EXERCISE BRIEF => Write down every entry once more, exactly as it reads.

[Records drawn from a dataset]
————————

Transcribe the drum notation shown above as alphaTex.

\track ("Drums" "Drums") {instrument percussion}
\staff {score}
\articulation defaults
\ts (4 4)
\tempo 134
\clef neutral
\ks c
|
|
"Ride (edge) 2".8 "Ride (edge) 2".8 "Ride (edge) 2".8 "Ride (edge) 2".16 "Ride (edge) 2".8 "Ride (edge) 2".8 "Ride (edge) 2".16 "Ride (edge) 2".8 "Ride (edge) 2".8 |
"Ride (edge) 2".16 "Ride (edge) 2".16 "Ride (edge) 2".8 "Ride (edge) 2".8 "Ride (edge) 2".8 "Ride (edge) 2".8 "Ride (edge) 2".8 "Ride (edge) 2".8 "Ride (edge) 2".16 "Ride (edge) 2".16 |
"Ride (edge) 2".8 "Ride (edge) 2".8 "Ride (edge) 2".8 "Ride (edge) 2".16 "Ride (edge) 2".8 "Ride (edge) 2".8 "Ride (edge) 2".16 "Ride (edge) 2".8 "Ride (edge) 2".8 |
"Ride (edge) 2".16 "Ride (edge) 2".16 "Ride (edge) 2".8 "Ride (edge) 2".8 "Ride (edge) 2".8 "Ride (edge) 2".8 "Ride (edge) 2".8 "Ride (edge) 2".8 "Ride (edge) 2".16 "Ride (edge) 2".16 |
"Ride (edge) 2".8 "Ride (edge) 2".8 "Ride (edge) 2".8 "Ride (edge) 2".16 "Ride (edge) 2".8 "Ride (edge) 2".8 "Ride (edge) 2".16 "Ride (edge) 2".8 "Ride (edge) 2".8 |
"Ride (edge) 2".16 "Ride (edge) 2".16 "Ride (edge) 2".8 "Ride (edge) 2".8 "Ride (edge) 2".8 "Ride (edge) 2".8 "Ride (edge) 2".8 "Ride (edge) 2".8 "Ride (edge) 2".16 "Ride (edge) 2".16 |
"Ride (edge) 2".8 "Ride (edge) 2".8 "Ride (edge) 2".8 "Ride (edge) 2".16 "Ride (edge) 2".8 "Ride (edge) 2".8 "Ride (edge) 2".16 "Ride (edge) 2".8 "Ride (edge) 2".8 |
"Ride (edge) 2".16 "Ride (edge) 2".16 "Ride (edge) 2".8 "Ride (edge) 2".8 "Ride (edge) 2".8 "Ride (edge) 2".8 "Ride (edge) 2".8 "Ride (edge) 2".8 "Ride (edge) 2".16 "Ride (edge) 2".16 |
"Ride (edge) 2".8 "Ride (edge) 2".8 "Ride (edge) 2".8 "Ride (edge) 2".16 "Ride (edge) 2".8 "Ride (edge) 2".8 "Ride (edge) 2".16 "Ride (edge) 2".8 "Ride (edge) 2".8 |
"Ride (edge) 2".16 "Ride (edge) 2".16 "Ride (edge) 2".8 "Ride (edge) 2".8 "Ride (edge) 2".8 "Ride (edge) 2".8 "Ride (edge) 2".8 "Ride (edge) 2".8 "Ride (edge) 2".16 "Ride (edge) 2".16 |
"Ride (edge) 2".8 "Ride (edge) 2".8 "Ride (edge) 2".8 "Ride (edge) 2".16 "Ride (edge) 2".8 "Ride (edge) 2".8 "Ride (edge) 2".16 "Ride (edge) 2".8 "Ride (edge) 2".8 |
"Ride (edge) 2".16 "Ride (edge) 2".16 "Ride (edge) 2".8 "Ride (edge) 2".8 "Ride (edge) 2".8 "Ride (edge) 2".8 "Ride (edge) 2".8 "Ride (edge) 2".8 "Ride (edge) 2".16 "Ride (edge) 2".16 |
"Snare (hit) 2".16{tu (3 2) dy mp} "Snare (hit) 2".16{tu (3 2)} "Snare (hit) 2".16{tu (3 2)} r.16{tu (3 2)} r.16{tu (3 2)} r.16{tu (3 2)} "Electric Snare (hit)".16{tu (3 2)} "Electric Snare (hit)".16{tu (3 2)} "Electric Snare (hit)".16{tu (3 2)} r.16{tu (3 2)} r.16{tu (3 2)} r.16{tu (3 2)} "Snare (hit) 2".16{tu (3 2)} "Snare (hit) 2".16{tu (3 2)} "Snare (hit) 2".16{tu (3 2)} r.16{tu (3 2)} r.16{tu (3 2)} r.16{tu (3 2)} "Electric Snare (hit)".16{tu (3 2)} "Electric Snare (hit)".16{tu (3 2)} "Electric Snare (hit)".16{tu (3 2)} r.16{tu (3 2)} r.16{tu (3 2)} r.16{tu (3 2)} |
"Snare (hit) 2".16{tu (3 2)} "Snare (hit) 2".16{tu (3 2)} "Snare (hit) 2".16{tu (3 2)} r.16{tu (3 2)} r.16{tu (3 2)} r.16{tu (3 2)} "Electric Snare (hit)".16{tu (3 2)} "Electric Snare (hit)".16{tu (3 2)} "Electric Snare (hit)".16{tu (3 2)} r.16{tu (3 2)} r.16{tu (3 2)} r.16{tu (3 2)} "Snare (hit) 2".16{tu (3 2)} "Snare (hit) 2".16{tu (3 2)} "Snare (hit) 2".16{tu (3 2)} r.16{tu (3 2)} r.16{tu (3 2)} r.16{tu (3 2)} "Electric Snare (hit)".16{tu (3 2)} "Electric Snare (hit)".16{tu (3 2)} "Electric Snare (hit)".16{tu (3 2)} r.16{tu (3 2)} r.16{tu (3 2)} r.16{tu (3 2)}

————————

TASK RESPONSE =>
Transcribe the drum notation shown above as alphaTex.

\track ("Drums" "Drums") {instrument percussion}
\staff {score}
\articulation defaults
\ts (4 4)
\tempo 134
\clef neutral
\ks c
|
|
"Ride (edge) 2".8 "Ride (edge) 2".8 "Ride (edge) 2".8 "Ride (edge) 2".16 "Ride (edge) 2".8 "Ride (edge) 2".8 "Ride (edge) 2".16 "Ride (edge) 2".8 "Ride (edge) 2".8 |
"Ride (edge) 2".16 "Ride (edge) 2".16 "Ride (edge) 2".8 "Ride (edge) 2".8 "Ride (edge) 2".8 "Ride (edge) 2".8 "Ride (edge) 2".8 "Ride (edge) 2".8 "Ride (edge) 2".16 "Ride (edge) 2".16 |
"Ride (edge) 2".8 "Ride (edge) 2".8 "Ride (edge) 2".8 "Ride (edge) 2".16 "Ride (edge) 2".8 "Ride (edge) 2".8 "Ride (edge) 2".16 "Ride (edge) 2".8 "Ride (edge) 2".8 |
"Ride (edge) 2".16 "Ride (edge) 2".16 "Ride (edge) 2".8 "Ride (edge) 2".8 "Ride (edge) 2".8 "Ride (edge) 2".8 "Ride (edge) 2".8 "Ride (edge) 2".8 "Ride (edge) 2".16 "Ride (edge) 2".16 |
"Ride (edge) 2".8 "Ride (edge) 2".8 "Ride (edge) 2".8 "Ride (edge) 2".16 "Ride (edge) 2".8 "Ride (edge) 2".8 "Ride (edge) 2".16 "Ride (edge) 2".8 "Ride (edge) 2".8 |
"Ride (edge) 2".16 "Ride (edge) 2".16 "Ride (edge) 2".8 "Ride (edge) 2".8 "Ride (edge) 2".8 "Ride (edge) 2".8 "Ride (edge) 2".8 "Ride (edge) 2".8 "Ride (edge) 2".16 "Ride (edge) 2".16 |
"Ride (edge) 2".8 "Ride (edge) 2".8 "Ride (edge) 2".8 "Ride (edge) 2".16 "Ride (edge) 2".8 "Ride (edge) 2".8 "Ride (edge) 2".16 "Ride (edge) 2".8 "Ride (edge) 2".8 |
"Ride (edge) 2".16 "Ride (edge) 2".16 "Ride (edge) 2".8 "Ride (edge) 2".8 "Ride (edge) 2".8 "Ride (edge) 2".8 "Ride (edge) 2".8 "Ride (edge) 2".8 "Ride (edge) 2".16 "Ride (edge) 2".16 |
"Ride (edge) 2".8 "Ride (edge) 2".8 "Ride (edge) 2".8 "Ride (edge) 2".16 "Ride (edge) 2".8 "Ride (edge) 2".8 "Ride (edge) 2".16 "Ride (edge) 2".8 "Ride (edge) 2".8 |
"Ride (edge) 2".16 "Ride (edge) 2".16 "Ride (edge) 2".8 "Ride (edge) 2".8 "Ride (edge) 2".8 "Ride (edge) 2".8 "Ride (edge) 2".8 "Ride (edge) 2".8 "Ride (edge) 2".16 "Ride (edge) 2".16 |
"Ride (edge) 2".8 "Ride (edge) 2".8 "Ride (edge) 2".8 "Ride (edge) 2".16 "Ride (edge) 2".8 "Ride (edge) 2".8 "Ride (edge) 2".16 "Ride (edge) 2".8 "Ride (edge) 2".8 |
"Ride (edge) 2".16 "Ride (edge) 2".16 "Ride (edge) 2".8 "Ride (edge) 2".8 "Ride (edge) 2".8 "Ride (edge) 2".8 "Ride (edge) 2".8 "Ride (edge) 2".8 "Ride (edge) 2".16 "Ride (edge) 2".16 |
"Snare (hit) 2".16{tu (3 2) dy mp} "Snare (hit) 2".16{tu (3 2)} "Snare (hit) 2".16{tu (3 2)} r.16{tu (3 2)} r.16{tu (3 2)} r.16{tu (3 2)} "Electric Snare (hit)".16{tu (3 2)} "Electric Snare (hit)".16{tu (3 2)} "Electric Snare (hit)".16{tu (3 2)} r.16{tu (3 2)} r.16{tu (3 2)} r.16{tu (3 2)} "Snare (hit) 2".16{tu (3 2)} "Snare (hit) 2".16{tu (3 2)} "Snare (hit) 2".16{tu (3 2)} r.16{tu (3 2)} r.16{tu (3 2)} r.16{tu (3 2)} "Electric Snare (hit)".16{tu (3 2)} "Electric Snare (hit)".16{tu (3 2)} "Electric Snare (hit)".16{tu (3 2)} r.16{tu (3 2)} r.16{tu (3 2)} r.16{tu (3 2)} |
"Snare (hit) 2".16{tu (3 2)} "Snare (hit) 2".16{tu (3 2)} "Snare (hit) 2".16{tu (3 2)} r.16{tu (3 2)} r.16{tu (3 2)} r.16{tu (3 2)} "Electric Snare (hit)".16{tu (3 2)} "Electric Snare (hit)".16{tu (3 2)} "Electric Snare (hit)".16{tu (3 2)} r.16{tu (3 2)} r.16{tu (3 2)} r.16{tu (3 2)} "Snare (hit) 2".16{tu (3 2)} "Snare (hit) 2".16{tu (3 2)} "Snare (hit) 2".16{tu (3 2)} r.16{tu (3 2)} r.16{tu (3 2)} r.16{tu (3 2)} "Electric Snare (hit)".16{tu (3 2)} "Electric Snare (hit)".16{tu (3 2)} "Electric Snare (hit)".16{tu (3 2)} r.16{tu (3 2)} r.16{tu (3 2)} r.16{tu (3 2)}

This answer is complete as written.